Inspirada en un poema de Rudyard Kipling, Gunga Din, otra obra mayor de la “quinta” del 39 (una de las mejores cosechas de la historia del cine la de aquel año) dirigida en esta ocasión por George Stevens (uno de los grandes directores del cine clásico más olvidados con el paso del tiempo), parte de una premisa compartida con el western clásico, si bien convenientemente traducida al entorno de la India colonial de la era victoriana: tres sargentos británicos unidos por una estrecha amistad, Cutter (de nombre Archibald, como el nombre de pila real del actor que lo interpreta, Cary Grant), MacChesney (Victor McLaglen) y Ballantine (Douglas Fairbanks, Jr.), son enviados con su destacamento hasta una aldea al norte de su campamento para reparar la línea de telégrafo cortada por los Estranguladores, una secta religiosa de adoradores de la diosa Kali que pretende expulsar a los británicos de la India. Así, los británicos desempeñan el mismo papel que tradicionalmente corresponde en los westerns a la caballería americana, mientras que los indios de la India ocupan en la historia la posición de los indios de Norteamérica. Es decir, que nos encontramos con un retrato de la vida militar en la India del siglo XIX que alterna las columnas de soldados que recorren un paisaje que apenas oculta la amenaza de un enemigo hostil con el retrato costumbrista de la vida en un cuartel, incluida la ineludible secuencia que transcurre en un baile de sociedad.

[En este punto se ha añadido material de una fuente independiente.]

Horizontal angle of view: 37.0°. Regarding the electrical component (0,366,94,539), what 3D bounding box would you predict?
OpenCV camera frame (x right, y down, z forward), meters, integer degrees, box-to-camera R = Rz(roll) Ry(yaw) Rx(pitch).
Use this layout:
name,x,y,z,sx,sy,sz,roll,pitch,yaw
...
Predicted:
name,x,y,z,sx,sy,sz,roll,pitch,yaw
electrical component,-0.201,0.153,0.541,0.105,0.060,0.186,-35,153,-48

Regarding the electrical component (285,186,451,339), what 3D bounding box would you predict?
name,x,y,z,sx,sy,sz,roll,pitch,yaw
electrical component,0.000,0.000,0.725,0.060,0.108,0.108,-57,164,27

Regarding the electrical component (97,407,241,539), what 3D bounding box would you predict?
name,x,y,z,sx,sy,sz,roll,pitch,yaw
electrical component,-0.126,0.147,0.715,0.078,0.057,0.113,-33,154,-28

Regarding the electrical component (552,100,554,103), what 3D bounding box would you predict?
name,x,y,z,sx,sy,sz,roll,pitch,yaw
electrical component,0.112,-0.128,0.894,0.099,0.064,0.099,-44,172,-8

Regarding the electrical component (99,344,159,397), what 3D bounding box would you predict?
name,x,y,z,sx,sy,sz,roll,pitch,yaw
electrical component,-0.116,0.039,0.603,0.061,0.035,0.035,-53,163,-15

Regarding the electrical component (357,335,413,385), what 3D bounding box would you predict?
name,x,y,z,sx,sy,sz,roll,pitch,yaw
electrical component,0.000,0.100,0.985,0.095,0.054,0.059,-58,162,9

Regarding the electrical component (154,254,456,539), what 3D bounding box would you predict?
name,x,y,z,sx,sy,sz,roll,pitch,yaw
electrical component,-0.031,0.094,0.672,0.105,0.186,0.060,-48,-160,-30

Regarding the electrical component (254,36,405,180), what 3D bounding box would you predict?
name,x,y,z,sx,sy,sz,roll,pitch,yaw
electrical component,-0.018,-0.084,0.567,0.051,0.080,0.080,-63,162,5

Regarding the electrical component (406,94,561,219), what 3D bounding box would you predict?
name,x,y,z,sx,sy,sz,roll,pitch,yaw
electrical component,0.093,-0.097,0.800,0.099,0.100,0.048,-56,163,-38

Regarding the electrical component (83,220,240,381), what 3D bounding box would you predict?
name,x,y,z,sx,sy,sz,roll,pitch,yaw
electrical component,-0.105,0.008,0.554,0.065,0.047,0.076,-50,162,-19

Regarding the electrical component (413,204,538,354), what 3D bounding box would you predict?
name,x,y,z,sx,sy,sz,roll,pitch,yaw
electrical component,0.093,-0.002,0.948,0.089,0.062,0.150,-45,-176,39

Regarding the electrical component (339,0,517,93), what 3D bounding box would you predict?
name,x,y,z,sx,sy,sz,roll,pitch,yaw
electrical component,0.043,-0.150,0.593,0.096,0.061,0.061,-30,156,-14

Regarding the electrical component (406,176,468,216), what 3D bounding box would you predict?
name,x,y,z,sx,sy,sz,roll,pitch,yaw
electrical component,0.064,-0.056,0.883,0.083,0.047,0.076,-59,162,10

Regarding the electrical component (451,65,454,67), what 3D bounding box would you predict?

Una vez superado ese punto de partida, la película ofrece otros aspectos de mucho mayor interés. El principal, la presencia de un humilde, sencillo e ingenuo aguador de las tropas, Gunga Din (Sam Jaffe), que sueña con enrolarse en las filas británicas para convertirse en soldado de Su Majestad. Y, por supuesto, las distintas pruebas a las que se somete la amistad a tres bandas de los sargentos, cada uno con sus distintas aspiraciones: la de Cutter, encontrar un tesoro y hacerse rico; la de Ballantine, casarse con su prometida, Emmy (Joan Fontaine, en uno de los papeles más insulsos y una de las interpretaciones más sosas de su carrera), y abandonar el servicio; y la de MacChesney, que no es otra que sujetar a sus amigos en la unidad para no perderlos y no sentirse solo y desamparado sin ellos. Todo ello, acompañado de las correspondientes escenas de acción y lucha, las más modestas, las que recogen peleas “de borrachera” entre soldados o cuerpo a cuerpo contra indios rebeldes, filmadas con notable torpeza y risible resultado; las más complejas, las que incluyen movimiento de los ejércitos y evolución de los personajes en escenarios o exteriores repletos de matices, rodadas con mucho mayor brío, talento y emoción y sin dejar de lado el suspense.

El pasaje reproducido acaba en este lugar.